On board the ship, Anna has been hooked up to a machine and is being forced to watch gruesome displays of human violence, war, genocide, crying babies, puppy kicking, and scenes from White Chicks. She has no visible reaction to the awful. Joshua reports that the average human would be greatly troubled by the footage of Shawn Wayans and there would have been a strong physiological reaction (read: barf. In mouth). Anna tells him to use her results as a baseline and then measure the reaction of every single person on the ship. If anyone shows any sign of wretching at the sight of Marlon Wayans in a blonde wig they are clearly a member of the Fifth Column. Clearly. And not at all merely a life form with eyeballs and a gag reflex.

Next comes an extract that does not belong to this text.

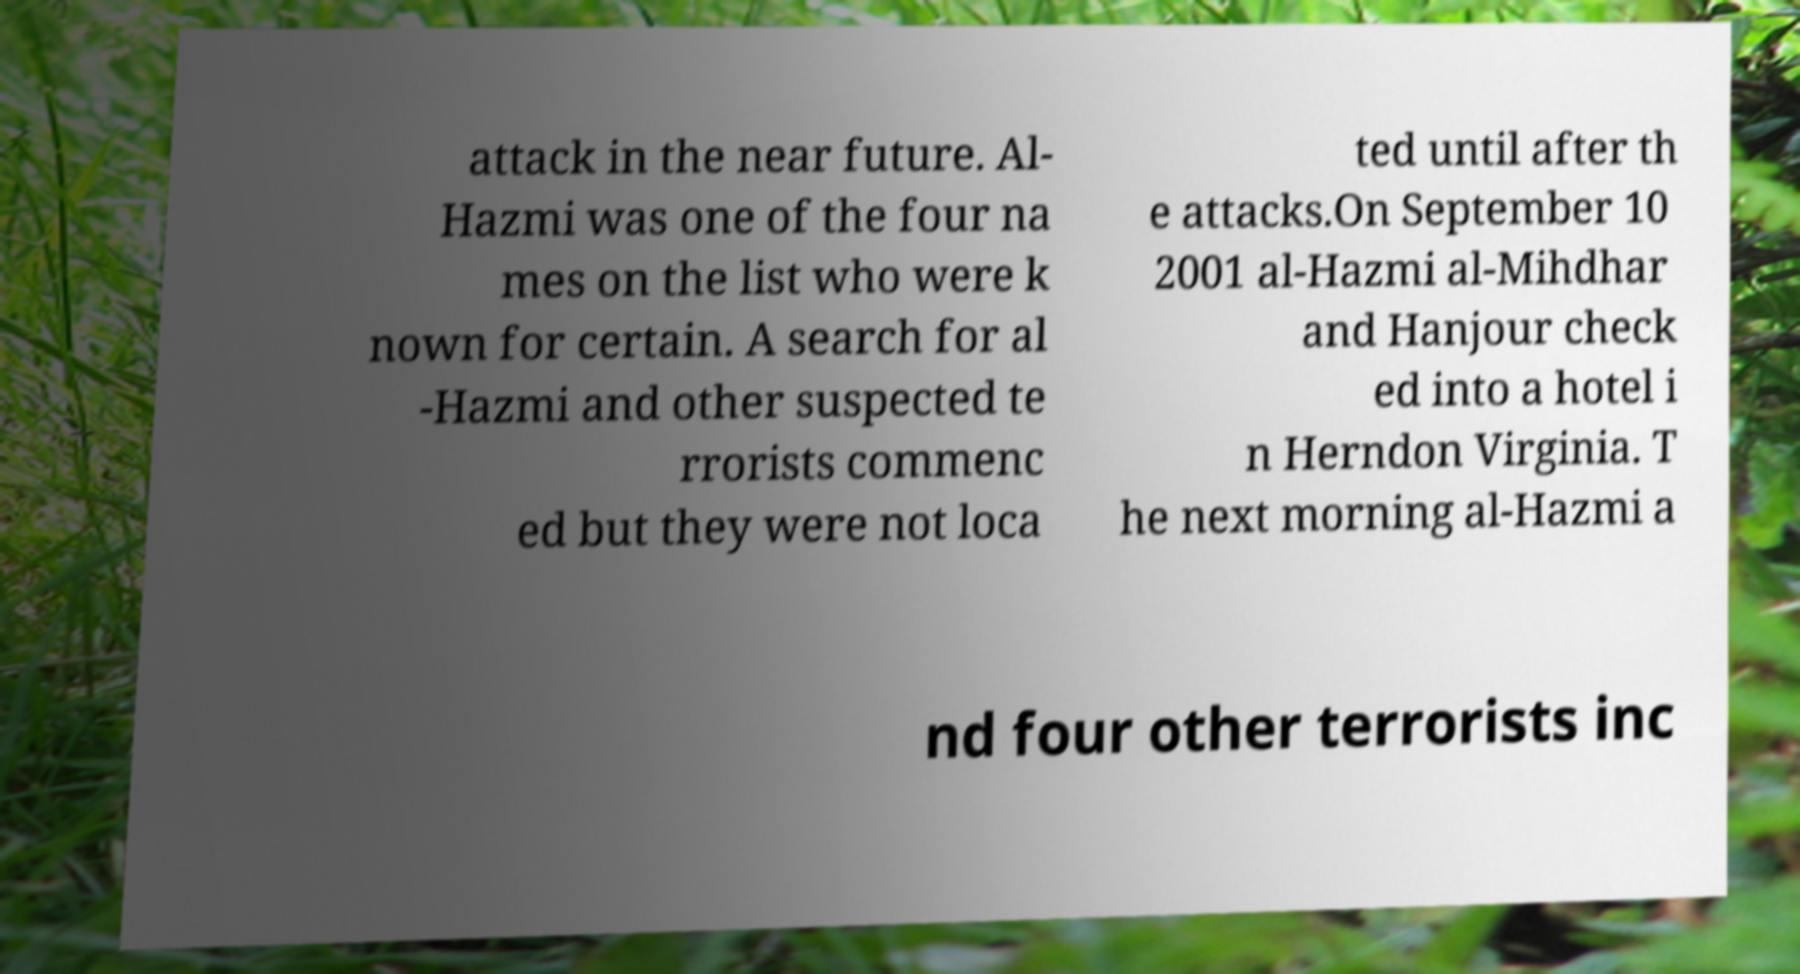Could you extract and type out the text from this image? attack in the near future. Al- Hazmi was one of the four na mes on the list who were k nown for certain. A search for al -Hazmi and other suspected te rrorists commenc ed but they were not loca ted until after th e attacks.On September 10 2001 al-Hazmi al-Mihdhar and Hanjour check ed into a hotel i n Herndon Virginia. T he next morning al-Hazmi a nd four other terrorists inc 
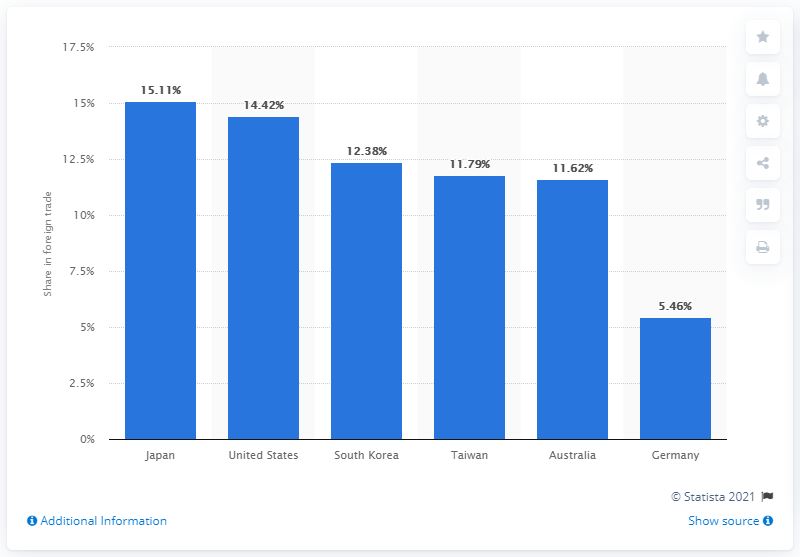Highlight a few significant elements in this photo. In 2013, China accounted for 5.46% of Germany's total foreign trade. 
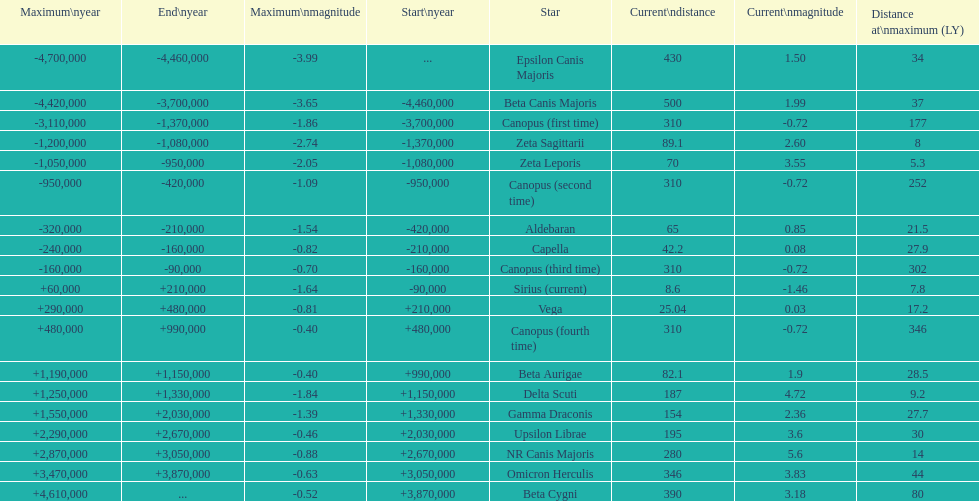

Back on the dock, Ryan reminds everyone that it is a dangerous mission and if anyone fucks up, he dies. He lays out the game plan: Erica will go to work and get him the name of a Visitor with the same rank and serial number as him. She finds one, and while he is black, he is SO much less attractive (sorry unnamed actor and his mother) than Morris Chestnut that hopefully the Vs are blind or something because that would never work otherwise. Kyle and his "contacts" (presumably others in the Poorly-Named Terrorist Support Group like Blakeney, Ashton, and Jaden) are going to get him top notch V credentials with matching fingerprints. Georgie doesn't have to do shit and Father Jack isn't there to offer up the Blessing of the Infidel or anything. Since Ryan is a V and will be acting like a V and has the credentials of a V, he should be able to do what he needs to do and go where he needs to go. If they don't hear from him by 4 o'clock, they should presume the worst (meaning: he is starring in White Chicks 2). The team takes a Gatorade break and Georgie runs after Ryan. If things go badly, Ryan wants him to go to Val and tell her the truth. Georgie clucks quietly as Ryan heads off. Erica gives Georgie a ride home and he asks, "Why so glum, chum?" because in my head Georgie says things like that. Erica sighs that she is sure that Tyler is going to be invited to live aboard a V ship and she knows he will accept and she doesn't know what to do about it. Georgie laughs because seriously? She's going to complain to the guy whose entire family was slaughtered by the Visitors that her son might go to sleepaway camp on the V cruise line? Georgie claims that he is a nicer person than I am and that he doesn't want what happened to him to happen to Erica. But, does she have a plan to prevent Tyler from going? Funny you should ask, Georgie, because yes she does.
Kyle has popped out in the open to swap information for money with an unnamed woman in a trench coat. The two stare in opposite directions during their conversation, which, while allowing them to keep a look out, also makes them look all kinds of suspicious. Like, who innocently holds a conversation like that except for geckos? And I bet even they accidentally make eye contact every once and a while. Anyway, Kyle has purchased some intel on his co-workers: Georgie claimed his family was murdered by aliens; the priest served two tours in the war and testified against his superior officers for breaking the rules of engagement; Erica's partner is missing and was presumed to be working with terrorists and has some serious personal baggage; and Ryan is a stock broker with a knocked up girlfriend. Kyle is grateful (or as grateful as an information-buying mercenary named Kyle can be) for the information. When the woman asks if they have something on him, he claims that they won't for long.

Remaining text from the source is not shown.